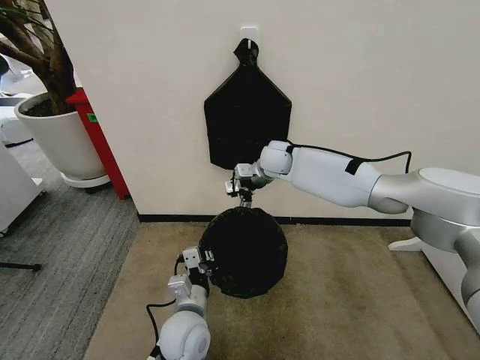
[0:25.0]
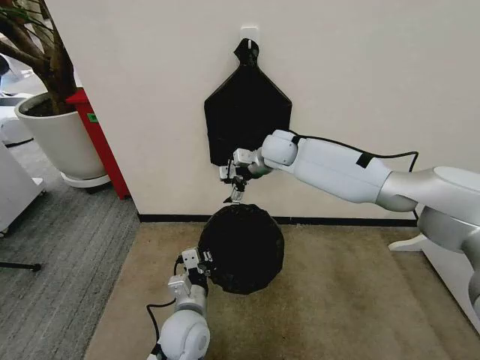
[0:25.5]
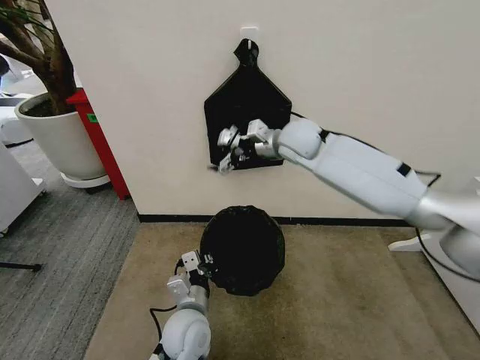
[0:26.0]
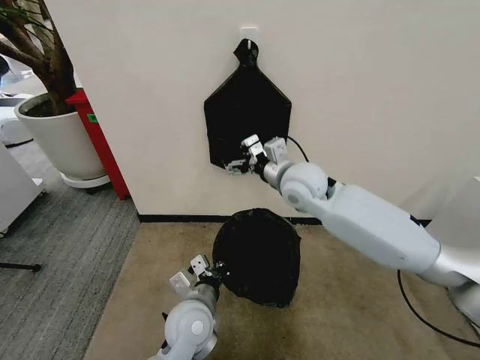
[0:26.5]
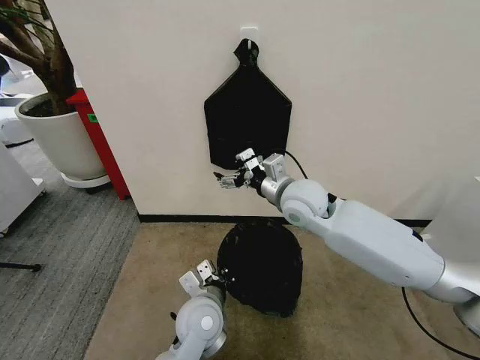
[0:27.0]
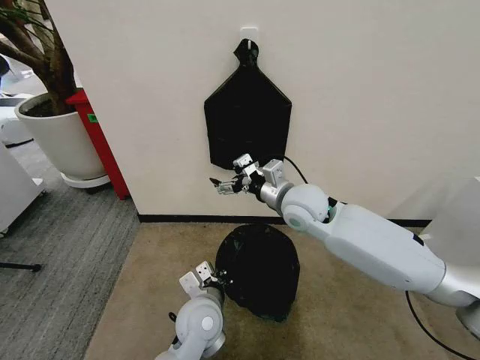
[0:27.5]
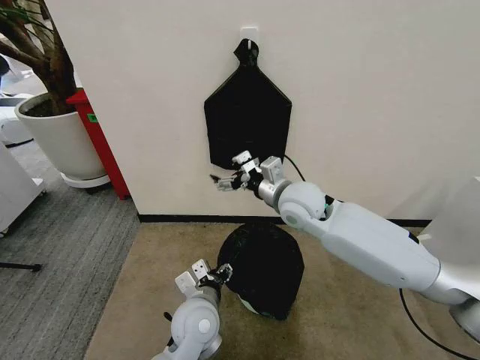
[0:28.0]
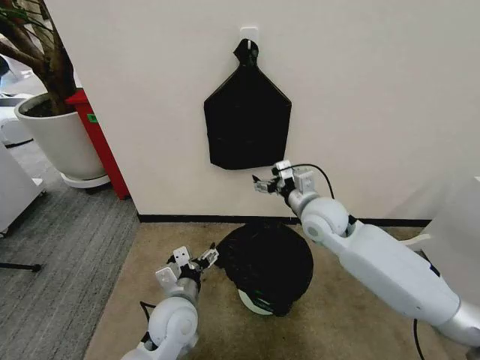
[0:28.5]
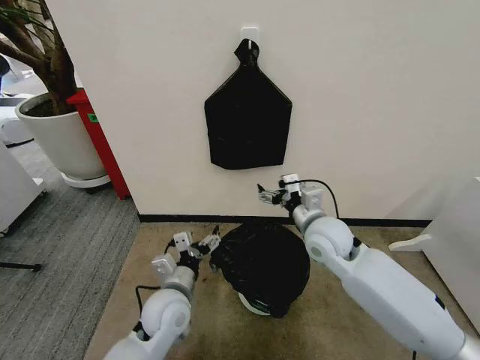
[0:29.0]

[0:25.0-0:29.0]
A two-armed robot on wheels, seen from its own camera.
Task of the whole recording: Place the garbage bag over the trash bin.
0:25.0 to 0:27.0: The right gripper shifts about 15 cm backward.
0:27.0 to 0:29.0: The left gripper moves to the left, approximately 5 cm, and opens its fingers; the right gripper shifts roughly 10 cm downward and to the right.
□ □ □ □ □
What you will do
Write everything in the records out exactly, apart from the pictures.

Answer to this exercise
[0:25.0]
[0:25.5]
[0:26.0]
[0:26.5]
[0:27.0]
[0:27.5]
[0:28.0]
[0:28.5]
[0:29.0]

[0:25.0-0:29.0]
A two-armed robot on wheels, seen from its own camera.
Task of the whole recording: Place the garbage bag over the trash bin.
0:25.0 to 0:27.0: The right gripper shifts about 15 cm backward.
0:27.0 to 0:29.0: The left gripper moves to the left, approximately 5 cm, and opens its fingers; the right gripper shifts roughly 10 cm downward and to the right.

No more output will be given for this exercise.